Do you remember the Chinese school that a mechanism made it "walk" to position itself differently? I talked about it here. Today I'm talking about an entire Swedish city that, building by building, is moving.
In 2013, plans were unveiled to relocate an entire Swedish city in the far north of the country. I'm not talking about the inhabitants, but about the buildings themselves. Kiruna, home to the largest iron mine in the world, had become a victim of its own success. An equivalent of six Eiffel towers of ore was extracted from its mine every day. The inevitable deformation of the ground due to these activities has started to put residents at risk. At that point an international competition was launched to physically move the Swedish city (in 20 years of time).
The winning project designed the future of a sustainable city with a diversified economy.
Kiruna's goal? Preserve the soul
Although 60% of Kiruna's population still depends on the mine for employment, the city has recently experienced population growth along with an increase in tourism. To develop the project, the studio White Arkitekter (winner of the competition) involved the 20.000 citizens of the Swedish city, allowing them to take a leading role in the masterplan.
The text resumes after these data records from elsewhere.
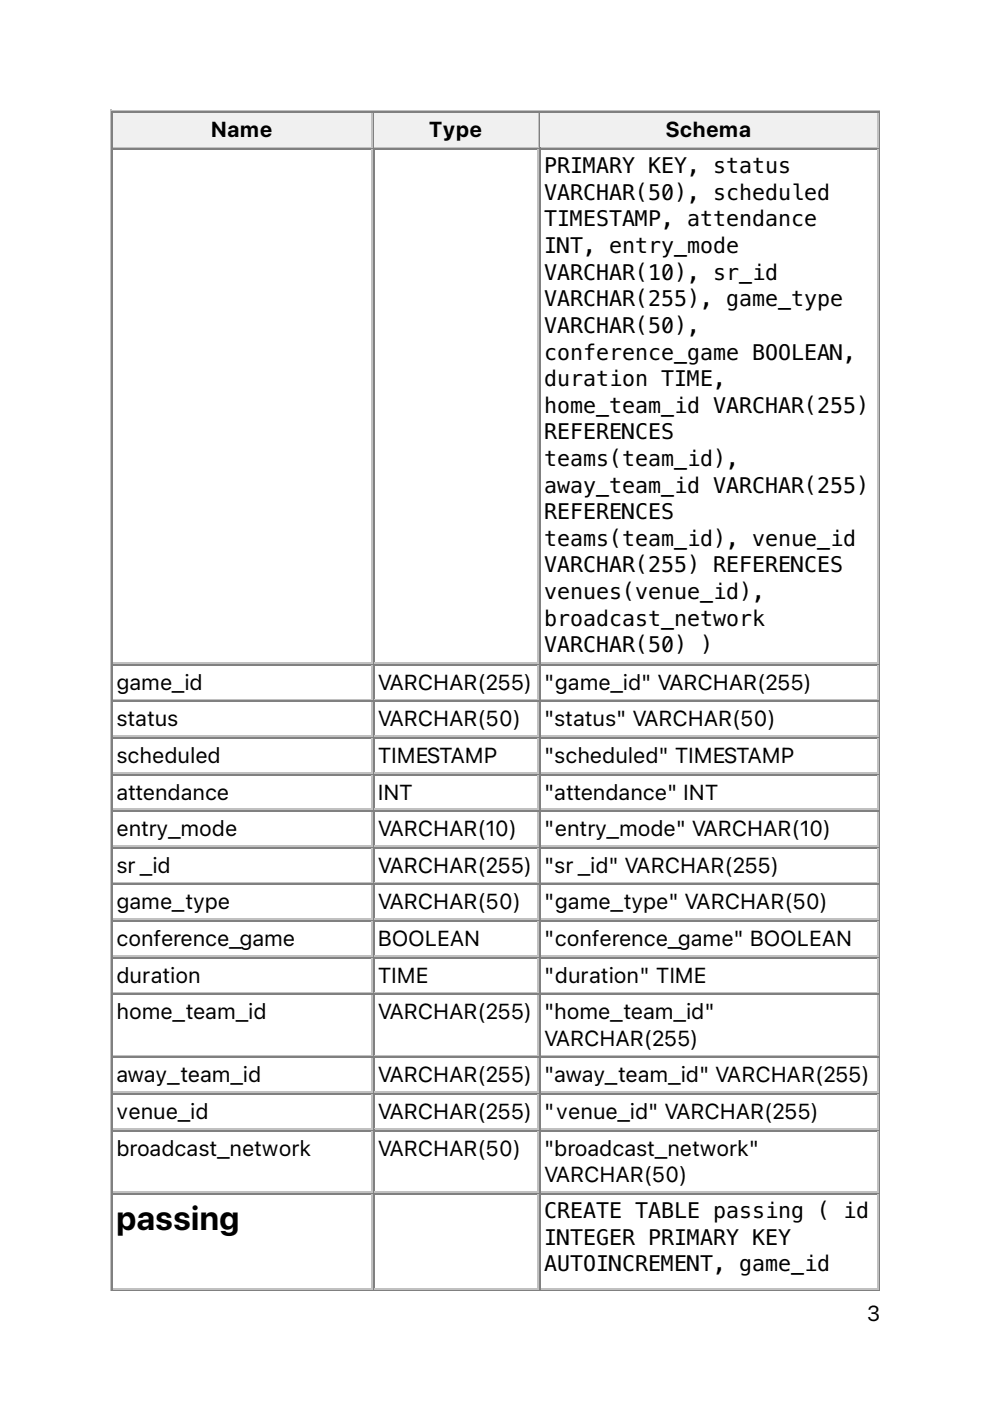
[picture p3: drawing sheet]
<svg xmlns="http://www.w3.org/2000/svg" width="210mm" height="297mm" viewBox="0 0 210 297" stroke-linecap="round" stroke-linejoin="round" font-family="sans-serif">
<defs><g id="words">
<text font-size="7.1" x="24.7" y="260.8">passing</text>
<g font-size="4.6">
<text x="44.8" y="29.1">Name</text>
<text x="91" y="29.1">Type</text>
<text x="141.2" y="29.1">Schema</text>
<text x="115.4" y="36.7">PRIMARY KEY, status</text>
<text x="115.4" y="42.4">VARCHAR(50), scheduled</text>
<text x="115.4" y="48">TIMESTAMP, attendance</text>
<text x="115.4" y="53.6">INT, entry_mode</text>
<text x="115.4" y="59.3">VARCHAR(10), sr_id</text>
<text x="115.4" y="64.9">VARCHAR(255), game_type</text>
<text x="115.4" y="70.6">VARCHAR(50),</text>
<text x="115.4" y="76.2">conference_game BOOLEAN,</text>
<text x="115.4" y="81.9">duration TIME,</text>
<text x="115.4" y="87.5">home_team_id VARCHAR(255)</text>
<text x="115.4" y="93.2">REFERENCES</text>
<text x="115.4" y="98.8">teams(team_id),</text>
<text x="115.4" y="104.4">away_team_id VARCHAR(255)</text>
<text x="115.4" y="110.1">REFERENCES</text>
<text x="115.4" y="115.7">teams(team_id), venue_id</text>
<text x="115.4" y="121.4">VARCHAR(255) REFERENCES</text>
<text x="115.4" y="127">venues(venue_id),</text>
<text x="115.4" y="132.7">broadcast_network</text>
<text x="115.4" y="138.3">VARCHAR(50) )</text>
<text x="24.7" y="146.2">game_id</text>
<text x="80.1" y="146.2">VARCHAR(255)</text>
<text x="115.4" y="146.2">&quot;game_id&quot; VARCHAR(255)</text>
<text x="24.7" y="154">status</text>
<text x="80.1" y="154">VARCHAR(50)</text>
<text x="115.4" y="154">&quot;status&quot; VARCHAR(50)</text>
<text x="24.7" y="161.8">scheduled</text>
<text x="80.1" y="161.8">TIMESTAMP</text>
<text x="115.4" y="161.8">&quot;scheduled&quot; TIMESTAMP</text>
<text x="24.7" y="169.5">attendance</text>
<text x="80.1" y="169.5">INT</text>
<text x="115.4" y="169.5">&quot;attendance&quot; INT</text>
<text x="24.7" y="177.3">entry_mode</text>
<text x="80.1" y="177.3">VARCHAR(10)</text>
<text x="115.4" y="177.3">&quot;entry_mode&quot; VARCHAR(10)</text>
<text x="24.7" y="185.1">sr _id</text>
<text x="80.1" y="185.1">VARCHAR(255)</text>
<text x="115.4" y="185.1">&quot;sr _id&quot; VARCHAR(255)</text>
<text x="24.7" y="192.8">game_type</text>
<text x="80.1" y="192.8">VARCHAR(50)</text>
<text x="115.4" y="192.8">&quot;game_type&quot; VARCHAR(50)</text>
<text x="24.7" y="200.6">conference_game</text>
<text x="80.1" y="200.6">BOOLEAN</text>
<text x="115.4" y="200.6">&quot;conference_game&quot; BOOLEAN</text>
<text x="24.7" y="208.3">duration</text>
<text x="80.1" y="208.3">TIME</text>
<text x="115.4" y="208.3">&quot;duration&quot; TIME</text>
<text x="24.7" y="216.1">home_team_id</text>
<text x="80.1" y="216.1">VARCHAR(255)</text>
<text x="115.4" y="216.1">&quot;home_team_id&quot;</text>
<text x="115.4" y="221.7">VARCHAR(255)</text>
<text x="24.7" y="229.5">away_team_id</text>
<text x="80.1" y="229.5">VARCHAR(255)</text>
<text x="115.4" y="229.5">&quot;away_team_id&quot; VARCHAR(255)</text>
<text x="24.7" y="237.3">venue_id</text>
<text x="80.1" y="237.3">VARCHAR(255)</text>
<text x="115.4" y="237.3">&quot;venue_id&quot; VARCHAR(255)</text>
<text x="24.7" y="245">broadcast_network</text>
<text x="80.1" y="245">VARCHAR(50)</text>
<text x="115.4" y="245">&quot;broadcast_network&quot;</text>
<text x="115.4" y="250.7">VARCHAR(50)</text>
<text x="115.4" y="258.3">CREATE TABLE passing ( id</text>
<text x="115.4" y="263.9">INTEGER PRIMARY KEY</text>
<text x="115.4" y="269.5">AUTOINCREMENT, game_id</text>
<text x="183.8" y="280.1">3</text>
</g>
</g></defs>
<path d="M23.5 23.3v250.5M23.6 23.5h163M24 31.2h55M78.8 24v7" fill="none" stroke="#c0c0c0" stroke-width=".35"/>
<path d="M23.8 23.6v7.8M24 23.8h55M186.4 23.6v249.8M23.6 273.6h163" fill="none" stroke="#808080" stroke-width=".35"/>
<g fill="#f0f0f0">
<path d="M24 24h54.7v7h-54.7z"/>
<path d="M44.4 24.7h13.8v5.6h-13.8z"/>
</g>
<path d="M79.2 23.6v7.8M79.4 23.8h34.9" fill="none" stroke="#808080" stroke-width=".35"/>
<path d="M79.4 31.2h34.9M114.1 24v7" fill="none" stroke="#c0c0c0" stroke-width=".35"/>
<g fill="#f0f0f0">
<path d="M79.4 24h34.5v7h-34.5z"/>
<path d="M90.7 24.7h12v5.6h-12z"/>
</g>
<path d="M114.5 23.6v7.8M114.7 23.8h71.6" fill="none" stroke="#808080" stroke-width=".35"/>
<path d="M114.7 31.2h71.6M186.1 24v7" fill="none" stroke="#c0c0c0" stroke-width=".35"/>
<g fill="#f0f0f0">
<path d="M114.7 24h71.2v7h-71.2z"/>
<path d="M141.1 24.7h18.4v5.6h-18.4z"/>
</g>
<g fill="none" stroke="#808080" stroke-width=".35">
<path d="M23.8 31.4v242M24 31.6h55M79.2 31.4v242M79.4 31.6h34.9M114.5 31.4v242M114.7 31.6h71.6M24 140.9h55M24 148.7h55M24 156.5h55M79.4 140.9h34.9M79.4 148.7h34.9M79.4 156.5h34.9"/>
<path d="M114.7 140.9h71.6M114.7 148.7h71.6M114.7 156.5h71.6M24 164.2h55M24 172h55M24 179.7h55M79.4 164.2h34.9M79.4 172h34.9M79.4 179.7h34.9M114.7 164.2h71.6M114.7 172h71.6M114.7 179.7h71.6"/>
<path d="M24 187.5h55M24 195.3h55M79.4 187.5h34.9M79.4 195.3h34.9M114.7 187.5h71.6M114.7 195.3h71.6M24 203h55M24 210.8h55M79.4 203h34.9M79.4 210.8h34.9M114.7 203h71.6M114.7 210.8h71.6"/>
<path d="M24 224.2h55M24 232h55M24 239.7h55M79.4 224.2h34.9M79.4 232h34.9M79.4 239.7h34.9M114.7 224.2h71.6M114.7 232h71.6M114.7 239.7h71.6M24 253.1h55M79.4 253.1h34.9M114.7 253.1h71.6"/>
</g>
<g fill="none" stroke="#c0c0c0" stroke-width=".35">
<path d="M78.8 31.8v108.6M114.1 31.8v108.6M186.1 31.8v108.6M24 140.6h55M24 148.3h55M24 156.1h55M78.8 141.1v7.1M78.8 148.9v7M78.8 156.6v7.1M79.4 140.6h34.9M79.4 148.3h34.9M79.4 156.1h34.9"/>
<path d="M114.1 141.1v7.1M114.1 148.9v7M114.1 156.6v7.1M114.7 140.6h71.6M114.7 148.3h71.6M114.7 156.1h71.6M186.1 141.1v7.1M186.1 148.9v7M186.1 156.6v7.1M24 163.9h55M24 171.6h55M24 179.4h55"/>
<path d="M78.8 164.4v7M78.8 172.2v7M78.8 179.9v7.1M79.4 163.9h34.9M79.4 171.6h34.9M79.4 179.4h34.9M114.1 164.4v7M114.1 172.2v7M114.1 179.9v7.1M114.7 163.9h71.6M114.7 171.6h71.6M114.7 179.4h71.6"/>
<path d="M186.1 164.4v7M186.1 172.2v7M186.1 179.9v7.1M24 187.1h55M24 194.9h55M78.8 187.7v7M78.8 195.4v7.1M79.4 187.1h34.9M79.4 194.9h34.9M114.1 187.7v7M114.1 195.4v7.1M114.7 187.1h71.6"/>
<path d="M114.7 194.9h71.6M186.1 187.7v7M186.1 195.4v7.1M24 202.7h55M24 210.4h55M78.8 203.2v7.1M78.8 211v12.7M79.4 202.7h34.9M79.4 210.4h34.9M114.1 203.2v7.1M114.1 211v12.7M114.7 202.7h71.6"/>
<path d="M114.7 210.4h71.6M186.1 203.2v7.1M186.1 211v12.7M24 223.8h55M24 231.6h55M24 239.4h55M78.8 224.4v7M78.8 232.1v7.1M78.8 239.9v12.7M79.4 223.8h34.9M79.4 231.6h34.9M79.4 239.4h34.9"/>
<path d="M114.1 224.4v7M114.1 232.1v7.1M114.1 239.9v12.7M114.7 223.8h71.6M114.7 231.6h71.6M114.7 239.4h71.6M186.1 224.4v7M186.1 232.1v7.1M186.1 239.9v12.7M24 252.8h55M78.8 253.3v19.7M79.4 252.8h34.9"/>
<path d="M114.1 253.3v19.7M114.7 252.8h71.6M186.1 253.3v19.7M24 273.2h55M79.4 273.2h34.9M114.7 273.2h71.6"/>
</g>
<use href="#words"/>
</svg>
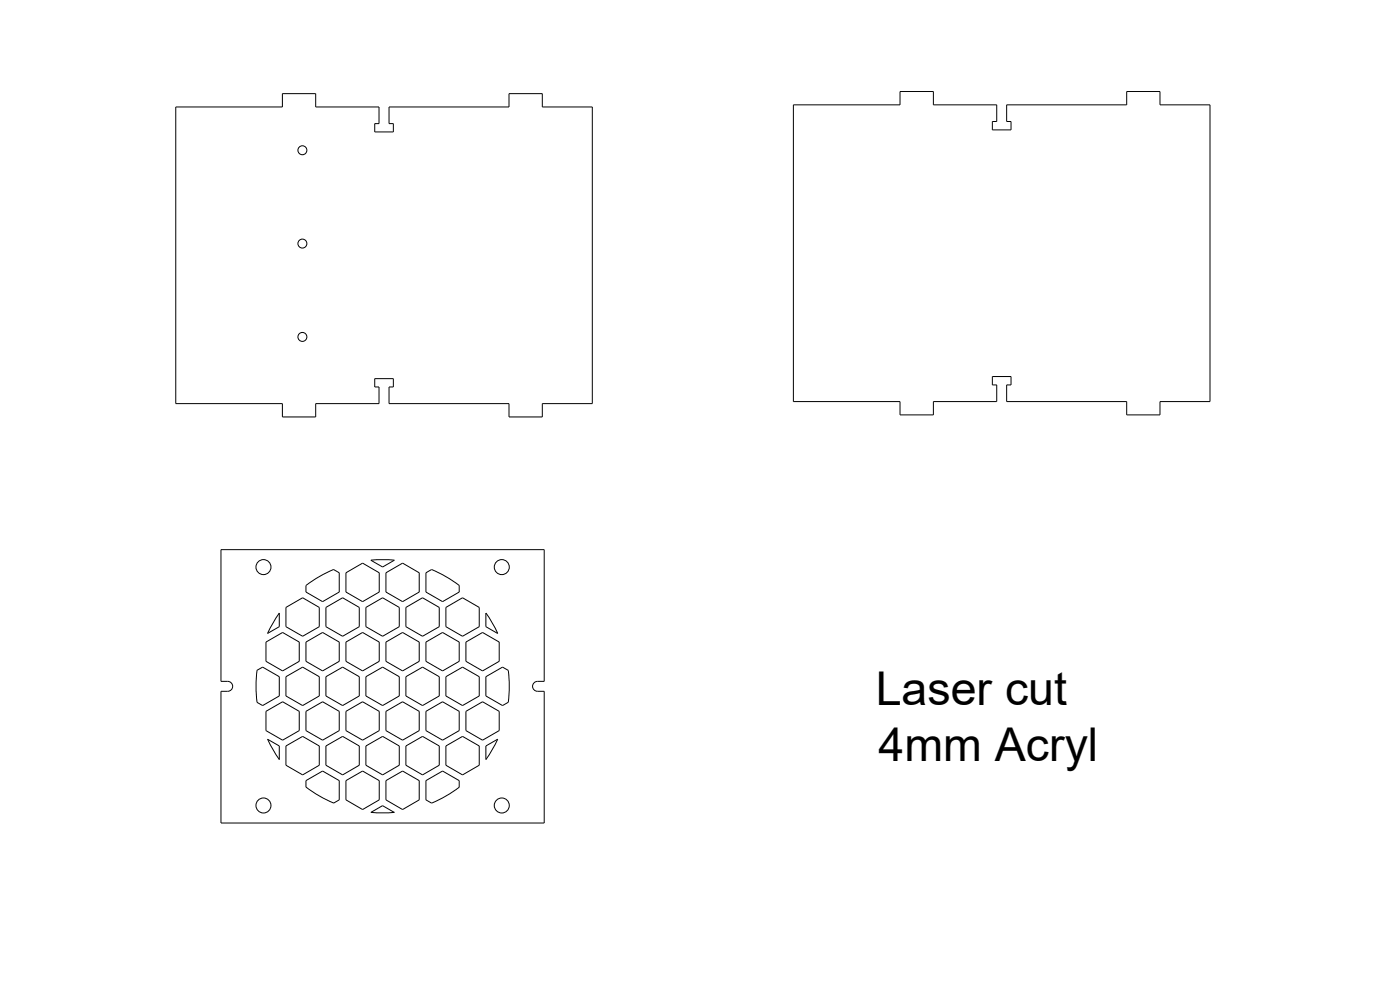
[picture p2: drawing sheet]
<svg xmlns="http://www.w3.org/2000/svg" width="420mm" height="297mm" viewBox="0 0 420 297" stroke-linecap="round" stroke-linejoin="round" font-family="sans-serif">
<defs><g id="words">
<g font-size="14">
<text x="262.8" y="211.7">Laser cut</text>
<text x="263.7" y="228.3">4mm Acryl</text>
</g>
</g></defs>
<!-- layer: Visible -->
<g fill="none" stroke="#000" stroke-width=".3">
<path d="M52.7 32.1h32.1v-4h9.9v4h19v5h-1.2v2.5h5.5v-2.5h-1.2v-5h36v-4h10v4h15v89h-15v4h-10v-4h-36v-5h1.2v-2.5h-5.5v2.5h1.2v5h-19v4h-9.9v-4h-32.1zM238.1 31.5h32v-4h10v4h19v5h-1.3v2.5h5.6v-2.5h-1.3v-5h36v-4h10v4h15v89h-15v4h-10v-4h-36v-5h1.3v-2.5h-5.6v2.5h1.3v5h-19v4h-10v-4h-32zM66.3 164.9h97v39.5h-2a1.49 1.49 0 0 0-1.5 1.5 1.49 1.49 0 0 0 1.5 1.5h2v39.5h-97v-39.5h2a1.49 1.49 0 0 0 1.5-1.5 1.49 1.49 0 0 0-1.5-1.5h-2zM100.1 170.9l-4.3 2.1-4 2.7v1.9l5 2.9 5-2.9v-5.7l-1.7-1M103.8 171.9l5-2.9 5 2.9v5.7l-5 2.9-5-2.9zM111.3 168.1l3.5 2 3.5-2M115.8 171.9l5-2.9 5 2.9v5.7l-5 2.9-5-2.9zM118.4 168.1l-3.6-.2-3.5 .2M129.5 170.9l4.3 2.1 4 2.7v1.9l-5 2.9-5-2.9v-5.7l1.7-1M79.8 192.6l5-2.8 5 2.8v5.8l-5 2.9-5-2.9zM83.8 183.9l-1.9 3-1.6 3.1 3.5-2v-4.1M85.8 182.3l5-2.9 5 2.9v5.7l-5 2.9-5-2.9z"/>
<path d="M91.8 192.6l5-2.8 5 2.8v5.8l-5 2.9-5-2.9zM97.8 182.3l5-2.9 5 2.9v5.7l-5 2.9-5-2.9zM103.8 192.6l5-2.8 5 2.8v5.8l-5 2.9-5-2.9zM109.8 182.3l5-2.9 5 2.9v5.7l-5 2.9-5-2.9zM115.8 192.6l5-2.8 5 2.8v5.8l-5 2.9-5-2.9zM121.8 182.3l5-2.9 5 2.9v5.7l-5 2.9-5-2.9zM127.8 192.6l5-2.8 5 2.8v5.8l-5 2.9-5-2.9zM133.8 182.3l5-2.9 5 2.9v5.7l-5 2.9-5-2.9zM139.8 192.6l5-2.8 5 2.8v5.8l-5 2.9-5-2.9zM145.8 183.9l2 3 1.6 3.1-3.6-2v-4.1M77.1 201.1l1.7-.9 5 2.8v5.8l-5 2.9-1.7-1M77.1 201.1l-.3 4.8 .3 4.8"/>
<path d="M79.8 213.4l5-2.8 5 2.8v5.8l-5 2.9-5-2.9zM85.8 203l5-2.8 5 2.8v5.8l-5 2.9-5-2.9zM91.8 213.4l5-2.8 5 2.8v5.8l-5 2.9-5-2.9zM97.8 203l5-2.8 5 2.8v5.8l-5 2.9-5-2.9zM103.8 213.4l5-2.8 5 2.8v5.8l-5 2.9-5-2.9zM109.8 203l5-2.8 5 2.8v5.8l-5 2.9-5-2.9zM115.8 213.4l5-2.8 5 2.8v5.8l-5 2.9-5-2.9zM121.8 203l5-2.8 5 2.8v5.8l-5 2.9-5-2.9zM127.8 213.4l5-2.8 5 2.8v5.8l-5 2.9-5-2.9zM133.8 203l5-2.8 5 2.8v5.8l-5 2.9-5-2.9zM139.8 213.4l5-2.8 5 2.8v5.8l-5 2.9-5-2.9zM145.8 203l5-2.8 1.7 .9 .3 4.8-.3 4.8-1.7 1-5-2.9z"/>
<path d="M80.3 221.8l3.5 2v4.1l-1.9-3zM85.8 223.8l5-2.9 5 2.9v5.8l-5 2.9-5-2.9zM97.8 223.8l5-2.9 5 2.9v5.8l-5 2.9-5-2.9zM103.8 234.2l5-2.9 5 2.9v5.8l-5 2.9-5-2.9zM109.8 223.8l5-2.9 5 2.9v5.8l-5 2.9-5-2.9zM115.8 234.2l5-2.9 5 2.9v5.8l-5 2.9-5-2.9zM121.8 223.8l5-2.9 5 2.9v5.8l-5 2.9-5-2.9zM133.8 223.8l5-2.9 5 2.9v5.8l-5 2.9-5-2.9zM145.8 227.9l2-3 1.6-3.1-3.6 2v4.1M100.1 241l-4.3-2.2-4-2.6v-2l5-2.9 5 2.9v5.8l-1.7 1M111.3 243.8l3.5-2.1 3.5 2.1M118.4 243.7l-3.6 .2-3.5-.2"/>
<path d="M129.5 241l-1.7-1v-5.8l5-2.9 5 2.9v2l-4 2.6-4.3 2.2"/>
<circle cx="90.8" cy="45.1" r="1.34"/>
<circle cx="90.8" cy="73.1" r="1.34"/>
<circle cx="90.8" cy="101.1" r="1.34"/>
<circle cx="79.1" cy="170.2" r="2.25"/>
<circle cx="150.6" cy="170.2" r="2.25"/>
<circle cx="79.1" cy="241.7" r="2.25"/>
<circle cx="150.6" cy="241.7" r="2.25"/>
</g>
<use href="#words"/>
</svg>

Our approach to putting the citizens of Kiruna first in this project is important. We spent a lot of time interviewing and listening to them. The city of kiruna exists due to the mine and mining cannot continue unless the city is moved. The citizens of Kiruna understand this, but at the same time it is still difficult for them if the houses and spaces where memories were created are demolished to keep the city alive.Alexandra Hagen, White Arkitekter CEO
The resurrected town hall
the first building in the new city is the town hall. Designed by the Danish studio henning larsen, the structure draws physical inspiration from the angular geometry of the iron minerals fundamental to the identity of the city. Fittingly, the project also incorporates the real bell tower of the old historic center, which is both a symbol of the past and a beacon for the future.
"Community identity often has real geographical roots," he says Louis Becker, partner of Henning Larsen and head of design.
We knew that losing the sense of place is a risk for the Kiruna community. Our hope is that this town hall will be a space that celebrates the history of the Swedish city and an enduring symbol of local identity.Louis Becker, Henning Larsen studio
Around the old, the new
The town hall and its adjacent public square will eventually be surrounded by a mix of other buildings currently under construction. There will be a hotel, a bathhouse and a cultural center called “Aurora”.
From this urban center, new neighborhoods to accommodate the growing population will extend outward into the surrounding Arctic landscape in a radial fashion, ensuring that all residents have nature at their fingertips.